Beau - Israel's PC Doctor (Beau Schutz)

Reply

how true! as an IT / computer support professional, I encounter people with issues very much like that on a daily basis, and often the thing they were unable to find or figure out is, to me, obvious – right there in front of their eyes – but I understand that it is not necessarily obvious to them. So while they have me (either physically onsite or remotely via the net or phone), I can always guide them through such glitches and dilemmas, but of course I will not always be there, and it would be so much more practical for them to have an “always on” guide or support network such as BoomerSurf. It seems like a fantastic idea to me and a very easy and convenient way to resolve all sorts of frustrating little (and perhaps not so little) problems that so many people seem to encounter on a regular basis. It should be a huge success.

March 14, 2013 at 8:17 am

Mitzi Weissman

Reply

It all seems so obvious, once you have someone to “unstuck” you.
Thanks, M.

March 14, 2013 at 12:28 pm

David Rivlin

Reply

It’s not only missing the obvious that is frustrating. If you look at the other help sites either general on youtube or on specific product sites etc you find young geeks who speak too fast in a language that is foreign to many Baby Boomers. We need advice we can follow at our pace.

March 19, 2013 at 11:31 am

Richard Agins

Reply

I became a lawyer later in life, after having been a CPA/CFO, management consultant and business owner. Along the way, I picked up enough tech savvy to survive, but not enough to be dangerous. I still remember when my father got his first digital watch. He would call me twice a year to come over and re-set the time in Spring and Fall. I sometimes feel like that myself, nowadays.

In any case, I can’t imagine practicing law without the Internet.. I wish I knew more of the :”backroom” technical stuff, but now that BoomerSurf’s here, I have no worries – I’ll know just where to turn when I need help resetting my watch!

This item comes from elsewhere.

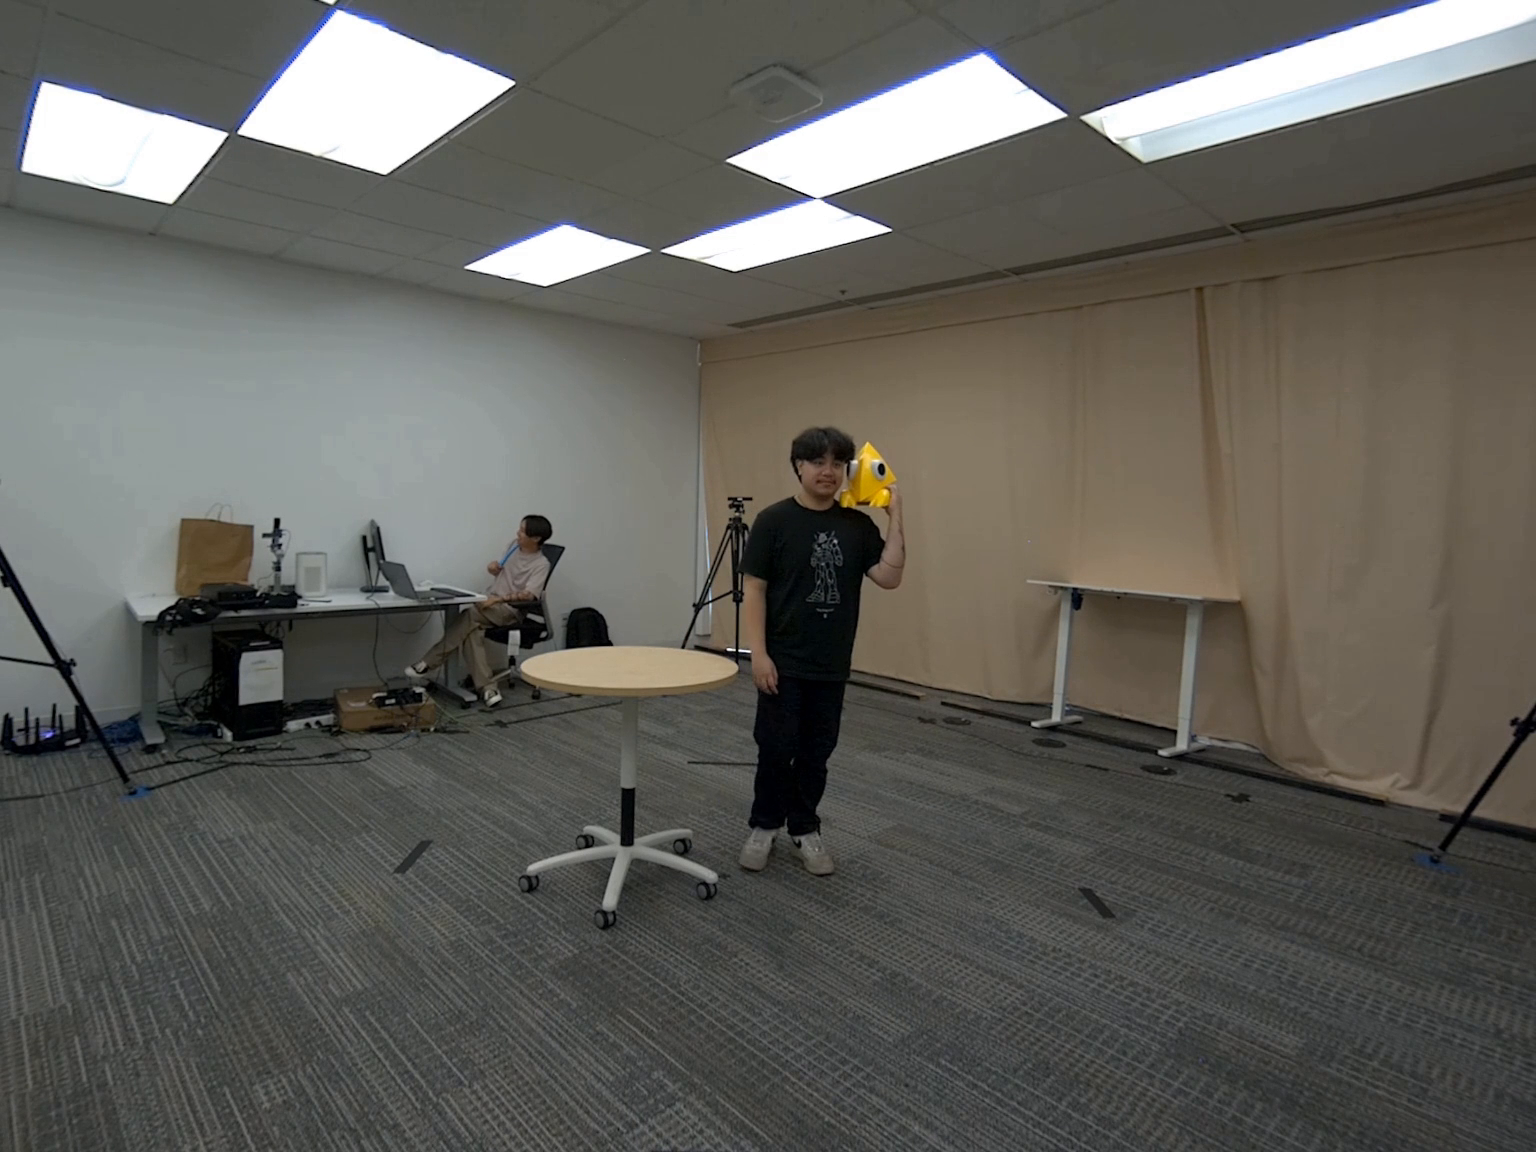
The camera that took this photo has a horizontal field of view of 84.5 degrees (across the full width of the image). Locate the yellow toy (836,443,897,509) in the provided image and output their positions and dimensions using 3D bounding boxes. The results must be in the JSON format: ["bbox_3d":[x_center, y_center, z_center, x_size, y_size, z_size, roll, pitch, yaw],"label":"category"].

March 21, 2013 at 12:24 am

Patricia Carmel

Reply

In the early 90s, I found myself on the savvy side of the tech divide. I had begun working as a tech writer for a startup and now I was the one explaining to my husband and less savvy friends how all things techy work. The world of technology developed at such a rate, however, that at times I too found myself overwhelmed at the thought of yet another new gadget to become familiar with. But there are conventions and trends which are replicated throughout device-dom, even though the path to achieving each task might be somewhat different. Navigating around software and solving the glitches that Microsoft throws at us are no longer causes for dismay and frustration but rather just a solution waiting to be found.

So I confess that I have an opposite problem from many people of my generation. I wax enthusiastic about some new software feature or device until I note a certain glassiness in the eye of my interlocutor. I assume that basic computer use is second nature to everyone whatever their age and can barely disguise my disbelief at discovering that some people don’t know what a shortcut is or that they can rename a folder. But I’ve internalized that people travelled other, equally worthy paths than mine and I’m learning to tune in and benefit from their experiences, as indeed I am happy to help them benefit from mine.